## INSTRUCTIONS FOR THE TASK
Every record below, from first to last, should be copied exactly; leave the pictures out.

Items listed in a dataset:
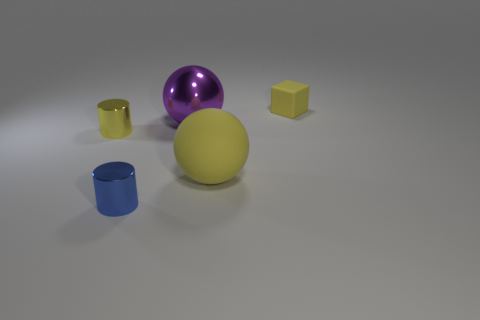What is the material of the tiny cylinder that is the same color as the rubber block?
Give a very brief answer. Metal. There is a matte thing that is in front of the large purple sphere; is it the same color as the cylinder that is behind the small blue shiny object?
Give a very brief answer. Yes. Is the shape of the metallic object to the right of the blue shiny cylinder the same as the small yellow thing that is right of the tiny yellow cylinder?
Provide a short and direct response. No. How many other objects are the same material as the tiny yellow cylinder?
Offer a very short reply. 2. Are there any yellow metal objects that are in front of the yellow rubber object that is behind the small object left of the blue metallic cylinder?
Provide a short and direct response. Yes. Does the blue cylinder have the same material as the big purple thing?
Give a very brief answer. Yes. Is there any other thing that has the same shape as the tiny rubber thing?
Provide a succinct answer. No. There is a tiny yellow object in front of the small object to the right of the large purple sphere; what is its material?
Provide a short and direct response. Metal. There is a yellow object in front of the yellow cylinder; how big is it?
Provide a succinct answer. Large. What color is the thing that is both right of the large purple metal object and left of the matte cube?
Give a very brief answer. Yellow.

## FINISHED TASK
What is the material of the tiny cylinder that is the same color as the rubber block?
Give a very brief answer. Metal. There is a matte thing that is in front of the large purple sphere; is it the same color as the cylinder that is behind the small blue shiny object?
Give a very brief answer. Yes. Is the shape of the metallic object to the right of the blue shiny cylinder the same as the small yellow thing that is right of the tiny yellow cylinder?
Provide a short and direct response. No. How many other objects are the same material as the tiny yellow cylinder?
Offer a very short reply. 2. Are there any yellow metal objects that are in front of the yellow rubber object that is behind the small object left of the blue metallic cylinder?
Provide a short and direct response. Yes. Does the blue cylinder have the same material as the big purple thing?
Give a very brief answer. Yes. Is there any other thing that has the same shape as the tiny rubber thing?
Provide a succinct answer. No. There is a tiny yellow object in front of the small object to the right of the large purple sphere; what is its material?
Provide a short and direct response. Metal. There is a yellow object in front of the yellow cylinder; how big is it?
Provide a succinct answer. Large. What color is the thing that is both right of the large purple metal object and left of the matte cube?
Give a very brief answer. Yellow.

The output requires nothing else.